As I was browsing around (Weinberger, Vander Wal, et al.), though, I think one of the things that tripping me up is this apparently simple binary. Like DW, my assumption about folksonomy was that it referenced the order that emerges from the process of tagging ("I had been thinking that a folksonomy is one way order emerges from such set of tags"), as opposed to the kind of order that is imposed upon a set of data from above. In other words, I think that I've been assuming, ultimately, that taxonomies and folksonomies are two paths to the same endpoint.
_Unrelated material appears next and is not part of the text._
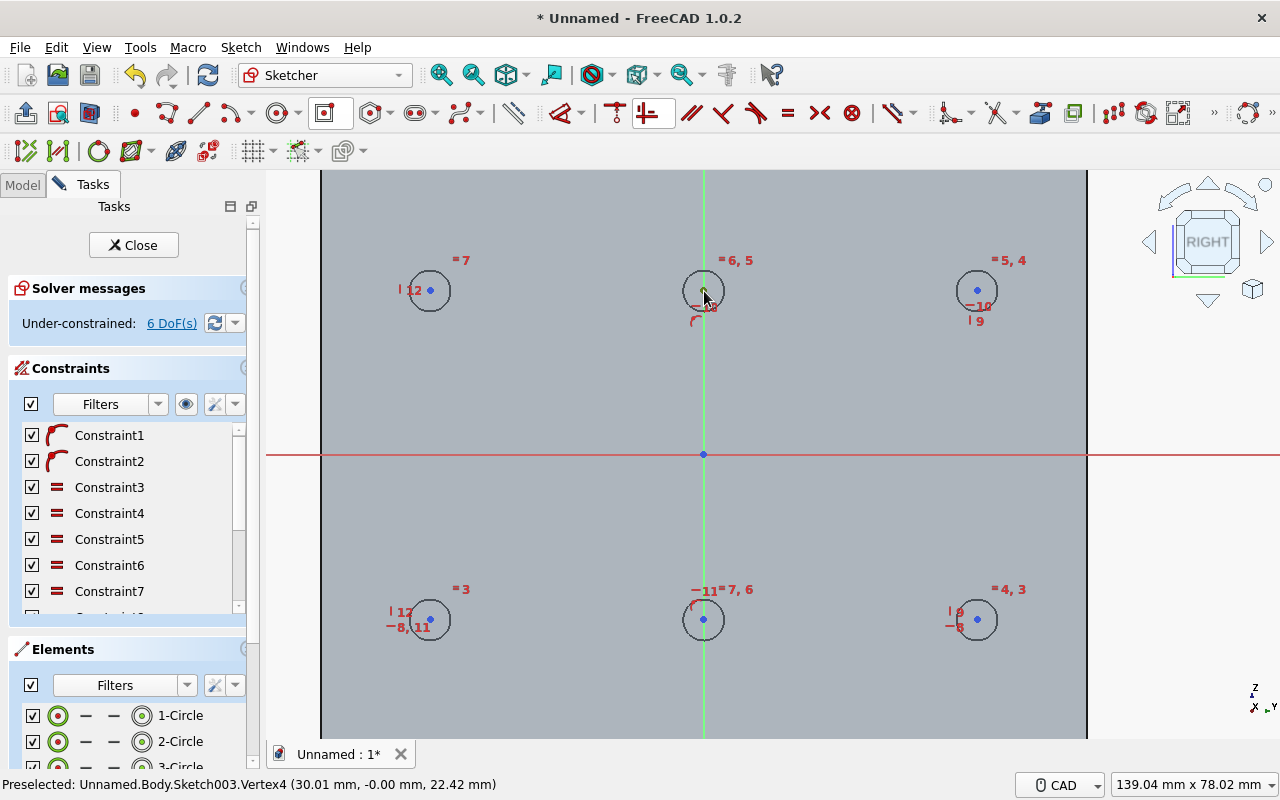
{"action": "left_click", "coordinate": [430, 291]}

But I think it's important (now) to note that the two paths lead to very different ends, a point that TVW's use of the term has slowly moved me towards. There's some overlap, to be sure. Taxonomies are forms of organization, but they are often also placed in service to other goals. DW has a nice riff on the Dewey Decimal System, for instance, that makes note of the ethnocentrisms and nationalism involved in the DDS, cultural asymmetries that are "necessary" because the DDS isn't meant as a mapping of all human knowledge but as a means to map out various libraries in this country. There is some practical value to spreading out call numbers evenly across the books on the shelves, even when those books reflect (and to be fair, construct) a partisan perspective. However, there's an extent to which taxonomies are (or strive for) an optimal representation of whatever data are being classified.
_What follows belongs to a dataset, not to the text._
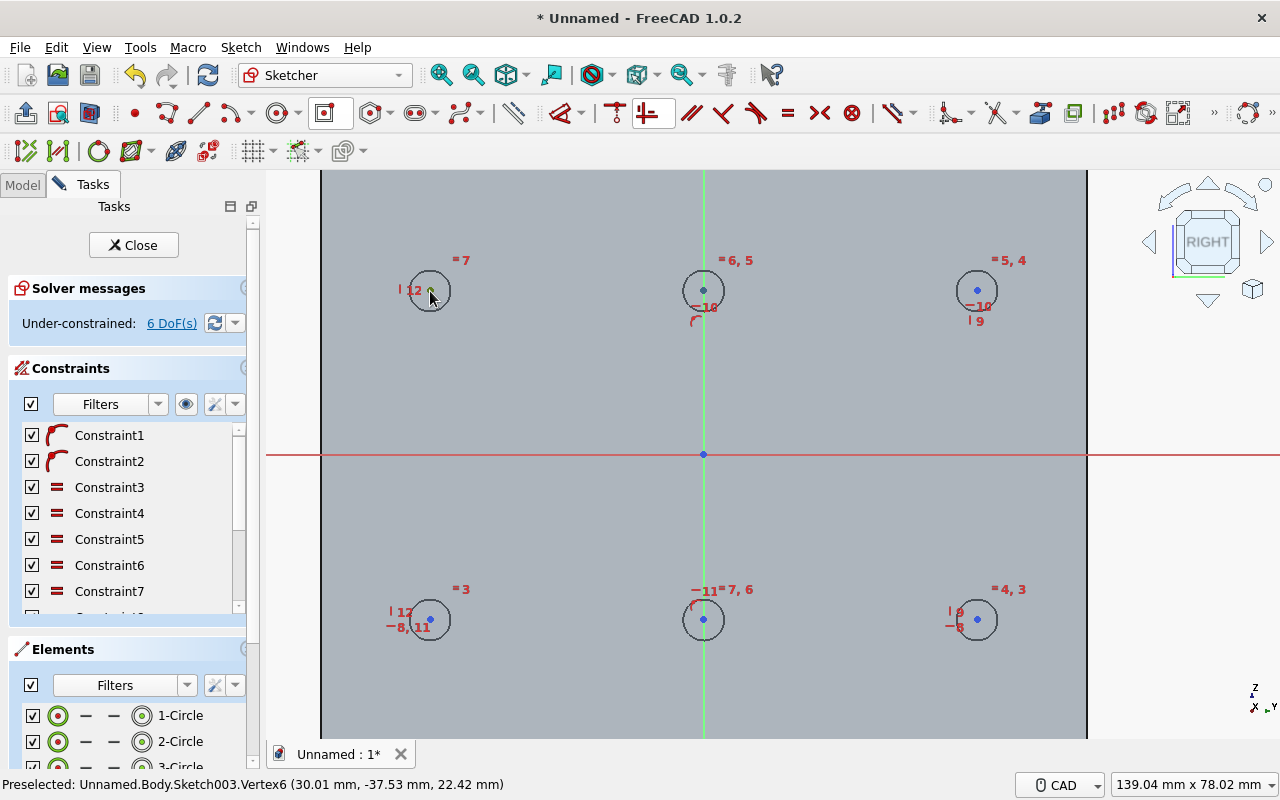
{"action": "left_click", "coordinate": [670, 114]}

From a recent presentation, TVW explains that "People are not so much categorizing, as providing a means to connect items (placing hooks)," and that helps me get at what I'm looking for here. At the risk of trotting out another binary, there's a product/process difference here. Folksonomies involve order on at least two levels. One is the personal vocabulary of a given user; folksonomies are intrinsically social to the same degree that language is, but they need not involve multiple users (although they often do). This is TVW's distinction between broad and narrow folksonomies, I think. A narrow folksonomy is likely to express order only at this first level, in terms of a user's vocabulary. The second level of order comes from the broad, more social folksonomies, where many people are tagging the same object so that particular patterns emerge. For example, the top 10 or so tags for the article I just linked are folksonomy/folksonomies, tagging, tags,, flickr, metadata, socialsoftware, classification, taxonomy, and article. The tags across users (250 or so in this case) acquire a certain amount of stability.
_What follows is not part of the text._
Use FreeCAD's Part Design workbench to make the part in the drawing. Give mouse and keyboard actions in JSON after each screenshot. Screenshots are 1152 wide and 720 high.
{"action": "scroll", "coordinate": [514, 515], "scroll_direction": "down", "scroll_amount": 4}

These two "levels of order" I'm describing correspond, I think, to TVW's two "triads" (slide 32 of the presentation linked above)--one grounded in "identity" and the other in "community." The trick, I think, is that for taxonomies, there is no corresponding "identity triad," and so setting the two in simple binary form predisposes me to see only the second level of order as being "properly" described by folksonomy. And thus I was initially tempted to say that folksonomies are necessarily social (in the multiple user sense).

In a sense, then, I guess I'm working around to the idea that folksonomies are activities rather than systems or products, despite the fact that things like tagclouds, as visualizations of those activities, offer a static impression of those activities. A lot of the analysis that I see in TVW's work speaks of the trending that folksonomies allow, and that works for me with defining it as an activity--there's an extent to which a single tagcloud, produced in a given moment, only has value when it can be compared synchronically (to other clouds) or diachronically (to other versions of itself).

That's probably enough for now. I've got 3 or 4 wiggling threads that I want to pull on a bit more, but it's getting late. And before you say it in my comments, yes, I realize that I'm arriving here at ideas that have been circulating for more than a year. My point here hasn't been so much to say something new as to say it for/to myself.